INPUT =
########
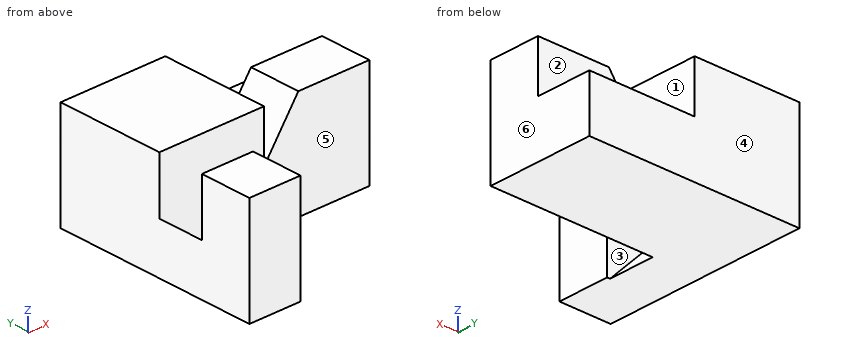
from build123d import *

# Parameters (mm, degrees)
F0_W     = 15.748
F0_H     = 15.748
F1_DEPTH = 15.9512
F3_DEPTH = 6.8834
F5_DEPTH = 7.6708
F6_W     = 15.9512
F6_H     = 8.2042
F7_DEPTH = 15.8496
F9_DEPTH = 7.6454


with BuildPart() as f1:
    # F0 (on Front) → F1 (new body)
    with BuildSketch(Plane.XZ):
        with Locations((7.874, 7.874)):
            Rectangle(F0_W, F0_H)
    extrude(amount=F1_DEPTH)

    # F2 (on face) → F3 (join)
    with BuildSketch(Plane.XZ.offset(15.9512)):
        Polygon((0, 7.4676), (0, 0), (7.239, 0), align=None)
    extrude(amount=F3_DEPTH)

    # F4 (on face) → F5 (join)
    with BuildSketch(Plane.XZ.offset(22.8346)):
        Polygon((0, 7.4676), (7.239, 0), (7.6962, 0), (7.6962, 15.748), (0, 15.748), align=None)
        Polygon((0, 7.4676), (0, 0), (7.239, 0), align=None)
    extrude(amount=F5_DEPTH)

    # F6 (on face) → F7 (join)
    with BuildSketch(Plane.YZ.offset(15.748)):
        with Locations((-7.9756, 4.1021)):
            Rectangle(F6_W, F6_H)
    extrude(amount=F7_DEPTH)

    # F8 (on face) → F9 (join)
    with BuildSketch(Plane.XZ.offset(15.9512)):
        Polygon((20.9155736628, 15.748), (15.748, 8.2042), (31.5976, 8.2042), (31.5976, 15.748), align=None)
    extrude(amount=-F9_DEPTH)


solid = f1.part
Geometry check sheet. Reference: the model listing, model coordinates, mm. Face numbers are marked on the shaded views. A direction names the side the tool comes from. Coordinates: 2 decimals unless noted, no trailing zeros. Order: outer loops, then holes, each group sorted by start corner. A loop starts at its lowest first (then second) coordinate and runs counter-clockwise, first axis right, second up. Notation, with made-up numbers: M 36,87.25 L 46,87.25 A20 cw 46,120.25 Z; hole C -14,-25.5 d10. An arc over 180 degrees is marked long. Use CSV: the item, a comma, the result in double quotes.
Item 1: Gauge pin test, flat ends, axial feed: pin 1 Ø4 at (y, z) = (-26.5, 6.5) entering from +X; pin 2 Ø9 at (x, y) = (27, -3.5) entering from +Z; pin 3 Ø4.5 at (x, z) = (15.5, 8) entering from -Y; pin 4 Ø1 at (y, z) = (-16.5, 13) entering from +X. Record the tip position at first contact, or that the pin passes through.
Returned:
pin 1,"stops at x = 7.7"
pin 2,"stops at z = 8.2"
pin 3,"stops at y = -15.95"
pin 4,"passes through"
Item 2: Cross-section at A-A on z = 9.5. Record the cut outline in (x, y).
Returned:
outline,"M 0,-30.51 L 7.7,-30.51 L 7.7,-22.83 L 0,-22.83 Z; M 0,-15.95 L 15.75,-15.95 L 15.75,0 L 0,0 Z; M 16.64,-15.95 L 31.6,-15.95 L 31.6,-8.31 L 16.64,-8.31 Z"
Item 3: Cross-section at C-C on x = 24. Record the cut outline in (y, z).
Returned:
outline,"M -15.95,0 L 0,0 L 0,8.2 L -8.31,8.2 L -8.31,15.75 L -15.95,15.75 Z"
Item 4: Tool access check on the marked faces 1, 2 and 3. Record the directions out of +Z, -Z, +X, -X, +Y, -Y that give a thin tool (end or side, any length) a straight path to the whole face; none if there is none.
Returned:
face 1,"+Z, +Y, -Y"
face 2,"+Z, +X, +Y"
face 3,"+Z, +X"
Item 5: Mould release check, pull along Y, two halves, no side actions. Record for the marked faces 4, 5 and 6: pulls with the +Y half, pulls with the -Y half, needs draft (parallel to the pull), parting line crosses it, or undercut.
Returned:
face 4,"pulls with the +Y half"
face 5,"undercut"
face 6,"needs draft"
Item 6: Thickness scan on line 1 along Y through (x, z) = (5, 13.25); line 2 along Y through (x, z) = (25.5, 10.75); line 3 along X through (y, z) = (-6, 8.75). Record the ranges inside material, lowest first.
Returned:
line 1,"y = -30.51 to -22.83, -15.95 to 0"
line 2,"y = -15.95 to -8.31"
line 3,"x = 0 to 15.75"
Item 7: Cross-section at D-D on z = 14. Record the cut outline in (x, y).
Returned:
outline,"M 0,-30.51 L 7.7,-30.51 L 7.7,-22.83 L 0,-22.83 Z; M 0,-15.95 L 15.75,-15.95 L 15.75,0 L 0,0 Z; M 19.72,-15.95 L 31.6,-15.95 L 31.6,-8.31 L 19.72,-8.31 Z"
Item 8: Cross-section at B-B on y = -7. Record the cut outline in (x, z), then the cut area to 3 significant figures.
Returned:
outline,"M 0,0 L 31.6,0 L 31.6,8.2 L 15.75,8.2 L 15.75,15.75 L 0,15.75 Z"
area,"378 mm2"
########
WHAT THE TASK ASKS =
Count every line of the material that holds the string "through", then give the total alone.

ANSWER BOX =
3